Quelques semaines après, le résultat tombe : Abou Ibrahim al-Hachimi al-Qourachi, « émir » de l’EI, « a choisi de se faire exploser », tuant ainsi sa famille, a déclaré le président Joe Biden, jeudi, en se félicitant du succès de cette opération qu’il a suivie de bout en bout depuis la « situation room » de la Maison-Blanche. Selon l’organisation des casques blancs syriens, treize civils ont été tués au cours de l’opération. Du côté américain, on attribue l’entière responsabilité de ces pertes à l’attitude du leader de l’EI. Le président Joe Biden a qualifié le suicide de Quraishi de « dernier acte de lâcheté désespérée ». Pourtant, le raid des forces spéciales américaines avait été préparé pendant des semaines pour éviter un scénario sanglant. L’objectif était simple : tenter d’éviter le plus possible les victimes civiles et épargner les femmes et les enfants. 

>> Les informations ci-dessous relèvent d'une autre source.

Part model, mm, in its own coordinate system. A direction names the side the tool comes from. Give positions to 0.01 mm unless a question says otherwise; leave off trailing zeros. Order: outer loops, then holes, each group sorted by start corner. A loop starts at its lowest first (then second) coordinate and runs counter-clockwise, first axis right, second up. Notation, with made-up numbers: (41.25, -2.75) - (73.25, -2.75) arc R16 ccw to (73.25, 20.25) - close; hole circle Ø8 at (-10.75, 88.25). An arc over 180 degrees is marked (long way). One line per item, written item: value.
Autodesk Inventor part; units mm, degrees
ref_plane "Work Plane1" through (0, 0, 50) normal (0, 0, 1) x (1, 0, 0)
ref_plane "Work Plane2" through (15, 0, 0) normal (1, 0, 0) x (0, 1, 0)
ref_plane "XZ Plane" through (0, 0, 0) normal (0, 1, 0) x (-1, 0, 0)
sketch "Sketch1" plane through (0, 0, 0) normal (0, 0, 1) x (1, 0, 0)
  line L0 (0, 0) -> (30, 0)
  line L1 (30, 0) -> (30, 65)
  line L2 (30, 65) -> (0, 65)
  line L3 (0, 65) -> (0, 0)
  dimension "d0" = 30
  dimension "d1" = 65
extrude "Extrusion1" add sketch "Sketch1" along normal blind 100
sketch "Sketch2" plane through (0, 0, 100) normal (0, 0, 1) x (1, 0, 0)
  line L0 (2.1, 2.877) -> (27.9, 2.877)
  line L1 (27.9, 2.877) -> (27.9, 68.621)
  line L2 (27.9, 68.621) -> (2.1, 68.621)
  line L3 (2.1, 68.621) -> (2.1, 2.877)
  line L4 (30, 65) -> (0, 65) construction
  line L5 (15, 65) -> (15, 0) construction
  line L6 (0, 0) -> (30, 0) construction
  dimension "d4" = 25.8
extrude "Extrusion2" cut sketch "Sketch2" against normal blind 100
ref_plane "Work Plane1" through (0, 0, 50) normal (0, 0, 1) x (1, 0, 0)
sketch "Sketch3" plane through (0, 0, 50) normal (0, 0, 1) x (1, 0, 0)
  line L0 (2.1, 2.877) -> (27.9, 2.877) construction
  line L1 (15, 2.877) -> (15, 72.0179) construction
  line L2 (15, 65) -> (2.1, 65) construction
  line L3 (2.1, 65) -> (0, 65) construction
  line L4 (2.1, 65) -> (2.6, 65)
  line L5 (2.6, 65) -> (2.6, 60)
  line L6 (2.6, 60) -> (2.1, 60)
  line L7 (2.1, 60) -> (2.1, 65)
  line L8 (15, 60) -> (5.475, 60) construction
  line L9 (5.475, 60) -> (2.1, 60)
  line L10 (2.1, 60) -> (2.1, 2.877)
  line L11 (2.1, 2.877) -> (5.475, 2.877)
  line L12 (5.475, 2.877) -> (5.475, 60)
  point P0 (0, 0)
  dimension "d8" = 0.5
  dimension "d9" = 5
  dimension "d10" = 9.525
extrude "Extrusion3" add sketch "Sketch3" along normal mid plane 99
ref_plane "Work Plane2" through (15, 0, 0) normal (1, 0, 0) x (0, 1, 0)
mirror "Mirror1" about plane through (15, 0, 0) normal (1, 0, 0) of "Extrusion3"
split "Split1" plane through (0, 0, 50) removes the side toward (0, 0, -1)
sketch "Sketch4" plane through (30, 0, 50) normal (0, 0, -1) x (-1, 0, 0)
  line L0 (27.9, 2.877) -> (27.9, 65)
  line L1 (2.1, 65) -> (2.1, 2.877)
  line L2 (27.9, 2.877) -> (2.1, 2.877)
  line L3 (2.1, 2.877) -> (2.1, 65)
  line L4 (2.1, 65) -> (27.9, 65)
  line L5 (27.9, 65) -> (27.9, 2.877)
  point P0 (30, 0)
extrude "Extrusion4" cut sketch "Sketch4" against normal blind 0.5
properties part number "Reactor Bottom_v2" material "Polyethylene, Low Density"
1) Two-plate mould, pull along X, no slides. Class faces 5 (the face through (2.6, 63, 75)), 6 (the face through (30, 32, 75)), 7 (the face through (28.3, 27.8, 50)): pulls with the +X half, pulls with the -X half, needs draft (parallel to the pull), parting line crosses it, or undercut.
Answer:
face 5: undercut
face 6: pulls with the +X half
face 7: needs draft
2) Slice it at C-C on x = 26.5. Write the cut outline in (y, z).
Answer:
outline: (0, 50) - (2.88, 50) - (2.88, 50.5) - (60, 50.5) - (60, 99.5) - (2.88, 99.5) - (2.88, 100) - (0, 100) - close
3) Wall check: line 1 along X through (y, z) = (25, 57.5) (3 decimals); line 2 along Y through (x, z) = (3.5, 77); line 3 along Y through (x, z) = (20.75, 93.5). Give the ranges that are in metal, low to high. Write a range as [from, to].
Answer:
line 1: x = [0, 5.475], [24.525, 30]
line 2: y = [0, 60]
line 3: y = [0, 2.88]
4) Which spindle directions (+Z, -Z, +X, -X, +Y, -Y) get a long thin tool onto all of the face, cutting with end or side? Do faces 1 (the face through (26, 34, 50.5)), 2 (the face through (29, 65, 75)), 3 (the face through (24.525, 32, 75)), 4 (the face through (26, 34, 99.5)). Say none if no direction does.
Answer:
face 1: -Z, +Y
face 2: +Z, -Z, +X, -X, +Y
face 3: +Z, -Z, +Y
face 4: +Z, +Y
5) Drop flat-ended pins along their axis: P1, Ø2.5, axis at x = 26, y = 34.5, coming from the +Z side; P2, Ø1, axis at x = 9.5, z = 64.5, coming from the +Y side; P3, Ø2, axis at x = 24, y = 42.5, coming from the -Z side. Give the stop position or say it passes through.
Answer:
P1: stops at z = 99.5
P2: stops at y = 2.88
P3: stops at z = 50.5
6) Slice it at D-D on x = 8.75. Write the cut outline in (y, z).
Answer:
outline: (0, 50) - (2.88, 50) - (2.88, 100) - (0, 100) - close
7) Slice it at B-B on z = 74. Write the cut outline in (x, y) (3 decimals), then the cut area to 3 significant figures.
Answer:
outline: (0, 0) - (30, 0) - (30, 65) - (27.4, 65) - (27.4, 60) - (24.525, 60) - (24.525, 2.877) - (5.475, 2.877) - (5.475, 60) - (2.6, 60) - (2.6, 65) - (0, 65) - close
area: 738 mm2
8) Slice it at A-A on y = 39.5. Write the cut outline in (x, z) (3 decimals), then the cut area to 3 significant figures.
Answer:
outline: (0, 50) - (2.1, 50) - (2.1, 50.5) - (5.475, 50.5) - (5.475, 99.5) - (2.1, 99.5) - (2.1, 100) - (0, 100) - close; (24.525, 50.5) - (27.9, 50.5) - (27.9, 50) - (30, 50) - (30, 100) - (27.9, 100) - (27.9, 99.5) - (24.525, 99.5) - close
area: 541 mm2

Mardi, le ministre de la Défense Lloyd Austin et le chef d’état-major, le général Mark Milley, informent Joe Biden des détails de l’opération à l’aide d’une maquette de la maison où se cache al-Qourachi. Une frappe de drone est exclue à cause de la présence de nombreux enfants dans le petit immeuble de trois niveaux où le chef de l’EI vit avec sa famille au deuxième étage. « Sachant que ce terroriste avait choisi de s’entourer de familles, y compris des enfants, nous avons fait le choix de poursuivre un raid des forces spéciales à un risque beaucoup plus grand pour notre propre peuple plutôt que de le cibler avec une frappe aérienne », a déclaré Joe Biden jeudi matin. Ce dernier est « très imprégné des détails opérationnels » après des mois de planification, a déclaré un haut responsable de l’administration au micro de CNN. Il s’est engagé dans un « échange constant » avec ses commandants militaires.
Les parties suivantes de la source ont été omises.